Whisper API server error for long (not big) files

I’m trying to transcribe longer videos of interviews/spoken text. So I create a mp3 file with a 24kb/s bitrate of it and pass it to the Whisper API. Works fine for a 15 minute video, but when I pass a 100 minutes video (about 19MB filesize) I get a server error response from the API everytime.

“The server had an error processing your request. Sorry about that! You can retry your request, or contact us through our help center at help.openai.com if you keep seeing this error. (Please include the request ID c68ec549dfdf0644d4c0124df32fb9a0 in your email.)”

Is there an internal limit of the maximal duration whisper is able to handle (and why wouldn’t that be published?).

There must be some issues with their api. I called fine tune api a bunch of times but 99.99% call failed with server error.

It could get into some undocumented max HTTPS response body size or something. Since 100 minutes of data could generate a large body size in the response, or some model timeout limit.

Obvious solution is to cut down and chunk your input data to not hit this unknown limit.

Yes, I figured splitting is an option, but it’s a really bad one and one in my opinion. I think the API should take care of it, not the requester. Whisper knows what is said, it doesn’t make sense that it expects me to figure out where to cut files to avoid losing context.

Also this does seem to come with a host of new problems. Whisper seems to randomly decide based on the text how long each transcript entry is. For some transcripts it puts up to 60 words into one VTT line (which makes it useless), for others its a new entry every 5 words. This is true for different chunks of the same video/interview. There is no parameters to influence this.

The next issue would be merging the transcripts chunks properly, which isn’t entirely trivial neither given that words and entries even of overlapping content can be different in every chunk.

Quite honestly, it all seems to be a bit of a mess right now, at least for long inputs.

I am splitting 90min audio files when sending to the transcription as well - due to 25Mb size limit. I might lose too much of the quality if decreasing them further.

I still need to go analyzing how many words I lose, but I usually split these into 3 parts, so the worse that could happen would be 3 lost words due to that, I don’t think that is such a problem, because there are probably many more than 3 errors in such a transcription? Did you notice errors when splitting files or are you suspecting these might happen?

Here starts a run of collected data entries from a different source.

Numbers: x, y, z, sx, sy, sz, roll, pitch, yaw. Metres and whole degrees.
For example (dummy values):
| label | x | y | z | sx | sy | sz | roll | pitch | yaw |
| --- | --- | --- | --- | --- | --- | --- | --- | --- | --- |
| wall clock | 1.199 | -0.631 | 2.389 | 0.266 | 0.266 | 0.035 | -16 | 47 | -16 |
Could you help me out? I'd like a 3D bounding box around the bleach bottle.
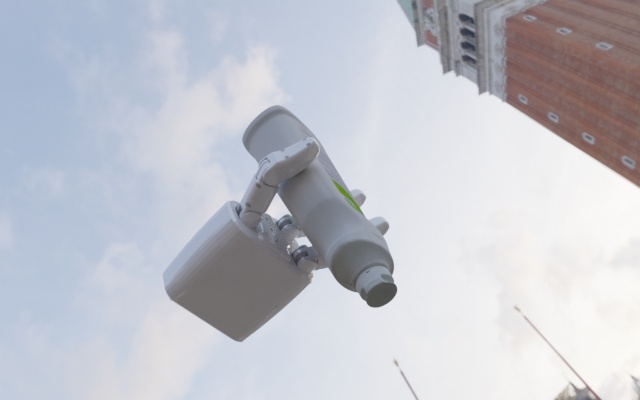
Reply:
| label | x | y | z | sx | sy | sz | roll | pitch | yaw |
| --- | --- | --- | --- | --- | --- | --- | --- | --- | --- |
| bleach bottle | 0.000 | 0.002 | 0.468 | 0.103 | 0.068 | 0.250 | 38 | 13 | -39 |
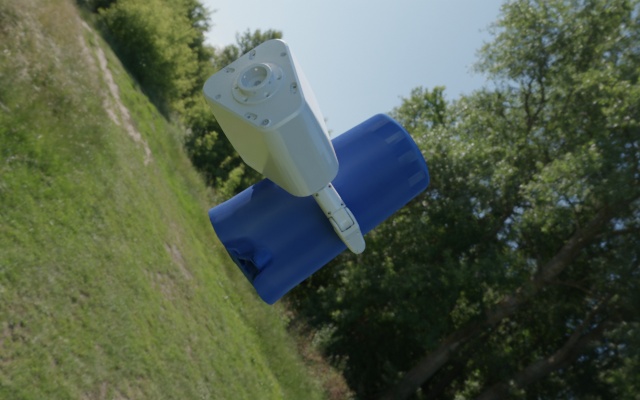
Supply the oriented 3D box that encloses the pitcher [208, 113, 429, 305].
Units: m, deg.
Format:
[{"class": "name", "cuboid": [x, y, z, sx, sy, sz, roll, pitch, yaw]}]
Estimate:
[{"class": "pitcher", "cuboid": [0.000, 0.002, 0.577, 0.243, 0.149, 0.145, -33, -36, -3]}]
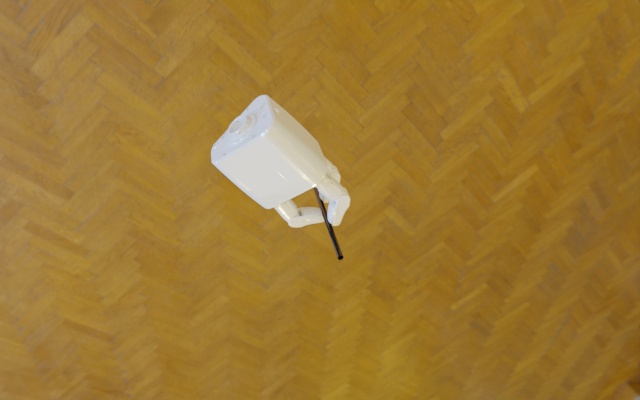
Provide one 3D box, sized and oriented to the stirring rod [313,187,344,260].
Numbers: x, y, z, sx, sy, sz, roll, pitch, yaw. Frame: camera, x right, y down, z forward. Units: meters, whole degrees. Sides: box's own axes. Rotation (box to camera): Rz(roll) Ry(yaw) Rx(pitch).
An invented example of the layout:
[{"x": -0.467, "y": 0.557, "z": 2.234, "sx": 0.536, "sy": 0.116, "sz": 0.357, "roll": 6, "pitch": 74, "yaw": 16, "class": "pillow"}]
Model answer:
[{"x": 0.000, "y": 0.002, "z": 0.719, "sx": 0.011, "sy": 0.011, "sz": 0.239, "roll": 0, "pitch": 37, "yaw": -16, "class": "stirring rod"}]
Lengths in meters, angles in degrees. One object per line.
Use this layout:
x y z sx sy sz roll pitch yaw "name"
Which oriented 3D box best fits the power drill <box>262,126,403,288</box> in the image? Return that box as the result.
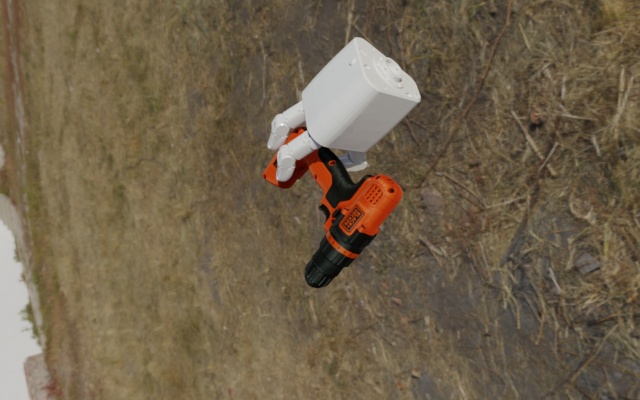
0.000 0.002 0.664 0.187 0.184 0.057 47 19 28 "power drill"
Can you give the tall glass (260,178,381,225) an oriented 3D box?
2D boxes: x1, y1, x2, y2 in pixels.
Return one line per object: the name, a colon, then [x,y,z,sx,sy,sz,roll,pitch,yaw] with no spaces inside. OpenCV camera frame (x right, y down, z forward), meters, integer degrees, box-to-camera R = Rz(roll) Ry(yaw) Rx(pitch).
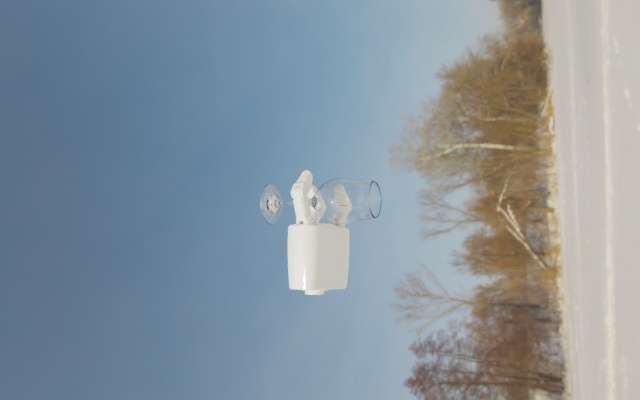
tall glass: [-0.001,0.003,0.822,0.201,0.079,0.079,-3,-1,25]
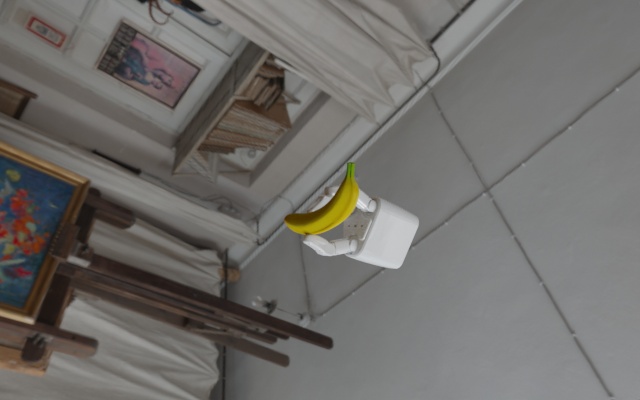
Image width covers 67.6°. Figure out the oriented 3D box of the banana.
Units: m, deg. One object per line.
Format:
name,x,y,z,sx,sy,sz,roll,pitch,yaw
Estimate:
banana,0.004,0.017,0.768,0.037,0.069,0.198,14,-36,-34
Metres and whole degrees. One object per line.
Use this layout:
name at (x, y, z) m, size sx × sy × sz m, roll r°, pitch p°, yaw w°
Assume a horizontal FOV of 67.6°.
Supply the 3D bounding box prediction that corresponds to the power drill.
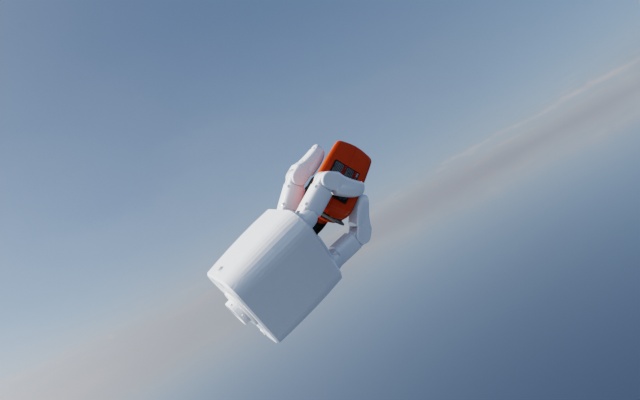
power drill at (0.000, 0.002, 0.647) m, size 0.057 × 0.184 × 0.188 m, roll 28°, pitch -34°, yaw -6°

I was thinking about splitting with some kind of sliding window approach, but this would probably mean I would need to send all three transcription to GPT-3.5 model to stitch them together intelligently. Have you thought about that?

1 Like

I used to run Whisper on Huggingface. With 30 second chunks! Chunks were created by exact slicing at 30 second mark, without even caring if I cut it mid-word. Putting it together was easy, just concatenate the text in the order of the chunks.

The more advanced version would be to use pydub and set it to not break across a word. But stitching is still easy.

With larger files the word error rate drops substantially in the crossover (less crossovers is why!)

I don’t follow the VTT issue, for me it’s file-in/text-out and its better than AWS Transcribe.

1 Like

I ran the open-source Whisper locally initially but have switched to API now. However, in the local version, receiving transcription with timecodes was possible. I believe this is not possible in the API, right?

If not, would it be possible to instruct it to return a response in a nicer format? Not just big chunk of text? Or would I need to do it later, add line breaks, some paragraphs, just randomly in the text block?